(DATA FOR THIS EXERCISE)

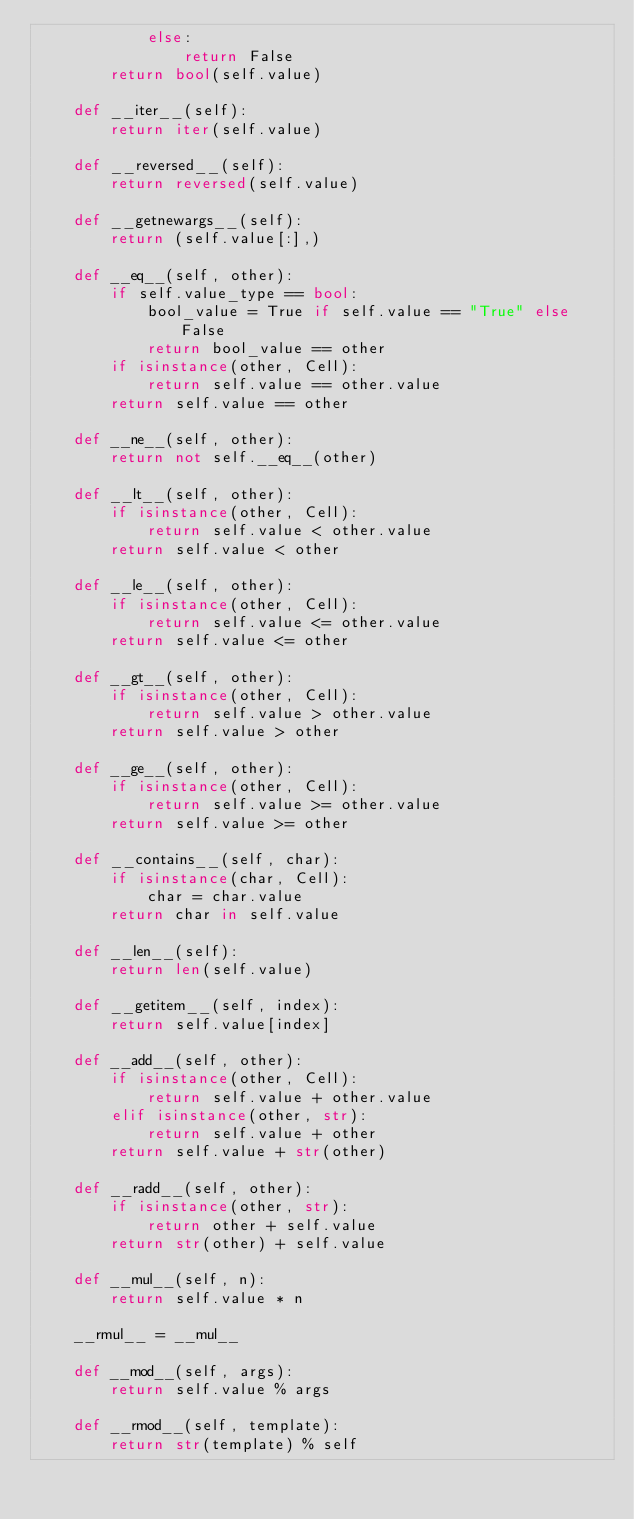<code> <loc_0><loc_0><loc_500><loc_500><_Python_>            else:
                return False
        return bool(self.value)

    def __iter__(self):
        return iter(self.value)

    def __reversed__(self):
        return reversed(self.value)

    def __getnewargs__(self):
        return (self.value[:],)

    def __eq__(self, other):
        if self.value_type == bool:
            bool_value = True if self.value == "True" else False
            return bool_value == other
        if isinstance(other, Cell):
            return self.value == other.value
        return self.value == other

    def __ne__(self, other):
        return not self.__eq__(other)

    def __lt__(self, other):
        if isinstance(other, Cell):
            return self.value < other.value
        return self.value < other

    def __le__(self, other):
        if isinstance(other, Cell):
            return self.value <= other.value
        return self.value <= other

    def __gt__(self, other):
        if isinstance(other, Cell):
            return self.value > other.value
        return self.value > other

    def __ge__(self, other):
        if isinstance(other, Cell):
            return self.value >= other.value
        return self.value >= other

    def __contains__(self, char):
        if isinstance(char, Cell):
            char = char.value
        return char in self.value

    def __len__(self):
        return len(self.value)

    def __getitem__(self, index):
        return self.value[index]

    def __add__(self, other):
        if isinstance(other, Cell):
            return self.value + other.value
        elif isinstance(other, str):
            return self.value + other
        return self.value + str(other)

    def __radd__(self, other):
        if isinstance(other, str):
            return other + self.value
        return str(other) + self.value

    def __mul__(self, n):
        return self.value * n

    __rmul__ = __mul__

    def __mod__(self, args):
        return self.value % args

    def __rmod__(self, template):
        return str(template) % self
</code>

(End DATA FOR THIS EXERCISE)
(DATA FOR THIS EXERCISE)

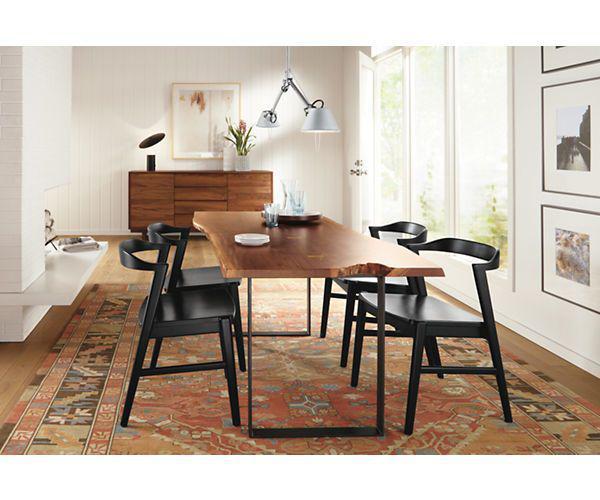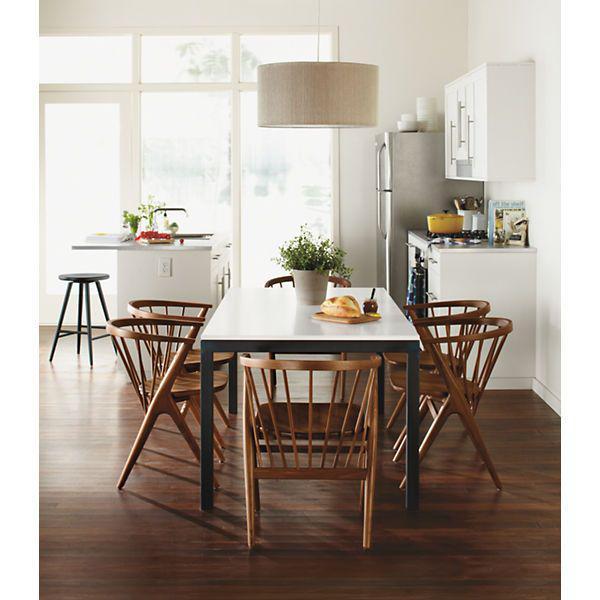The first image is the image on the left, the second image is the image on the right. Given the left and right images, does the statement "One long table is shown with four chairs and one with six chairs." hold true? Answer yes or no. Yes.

(End DATA FOR THIS EXERCISE)

ACTION ITEM:
Taking the entries above, print exactly the lines starting at the line with "return reversed(self.value)" and ending at the line with "char = char.value", both included.

ANSWER SPACE:
        return reversed(self.value)

    def __getnewargs__(self):
        return (self.value[:],)

    def __eq__(self, other):
        if self.value_type == bool:
            bool_value = True if self.value == "True" else False
            return bool_value == other
        if isinstance(other, Cell):
            return self.value == other.value
        return self.value == other

    def __ne__(self, other):
        return not self.__eq__(other)

    def __lt__(self, other):
        if isinstance(other, Cell):
            return self.value < other.value
        return self.value < other

    def __le__(self, other):
        if isinstance(other, Cell):
            return self.value <= other.value
        return self.value <= other

    def __gt__(self, other):
        if isinstance(other, Cell):
            return self.value > other.value
        return self.value > other

    def __ge__(self, other):
        if isinstance(other, Cell):
            return self.value >= other.value
        return self.value >= other

    def __contains__(self, char):
        if isinstance(char, Cell):
            char = char.value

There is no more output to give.